WORK REQUIRED: For this exercise, repeat the whole listing below exactly. Leave the pictures out.

DATA PROVIDED:

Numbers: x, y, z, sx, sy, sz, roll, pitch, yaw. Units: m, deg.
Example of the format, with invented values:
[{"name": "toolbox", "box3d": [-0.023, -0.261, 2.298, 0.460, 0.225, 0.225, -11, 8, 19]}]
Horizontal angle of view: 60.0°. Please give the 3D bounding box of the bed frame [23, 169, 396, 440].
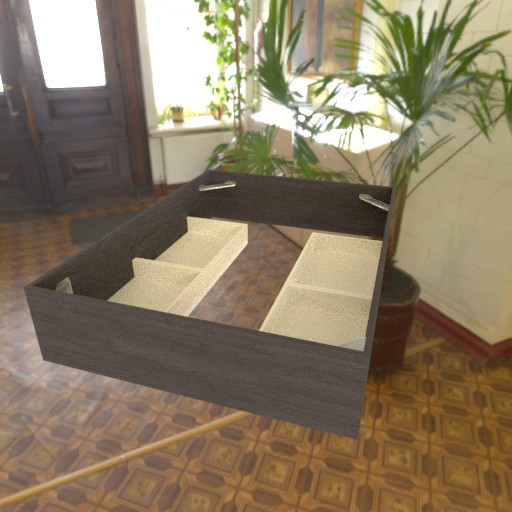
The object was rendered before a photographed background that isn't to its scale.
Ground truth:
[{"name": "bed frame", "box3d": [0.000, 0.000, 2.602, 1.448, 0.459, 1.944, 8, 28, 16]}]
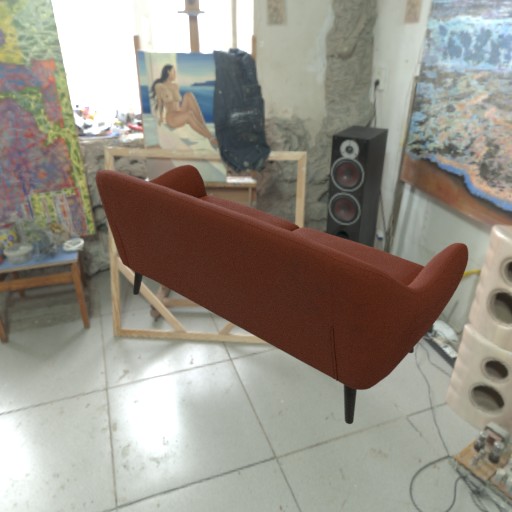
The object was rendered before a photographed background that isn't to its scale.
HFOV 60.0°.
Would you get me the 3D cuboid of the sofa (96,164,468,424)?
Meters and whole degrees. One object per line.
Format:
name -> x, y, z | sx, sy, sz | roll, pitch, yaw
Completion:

SOLUTION FOR THIS PROBLEM:
Numbers: x, y, z, sx, sy, sz, roll, pitch, yaw. Units: m, deg.
Example of the format, with invented values:
[{"name": "toolbox", "box3d": [-0.023, -0.261, 2.298, 0.460, 0.225, 0.225, -11, 8, 19]}]
Horizontal angle of view: 60.0°. Please give the 3D bounding box of the bed frame [23, 169, 396, 440].
The object was rendered before a photographed background that isn't to its scale.
Ground truth:
[{"name": "bed frame", "box3d": [0.000, 0.000, 2.602, 1.448, 0.459, 1.944, 8, 28, 16]}]
The object was rendered before a photographed background that isn't to its scale.
HFOV 60.0°.
Would you get me the 3D cuboid of the sofa (96,164,468,424)?
Meters and whole degrees. One object per line.
Format:
name -> x, y, z | sx, sy, sz | roll, pitch, yaw
Completion:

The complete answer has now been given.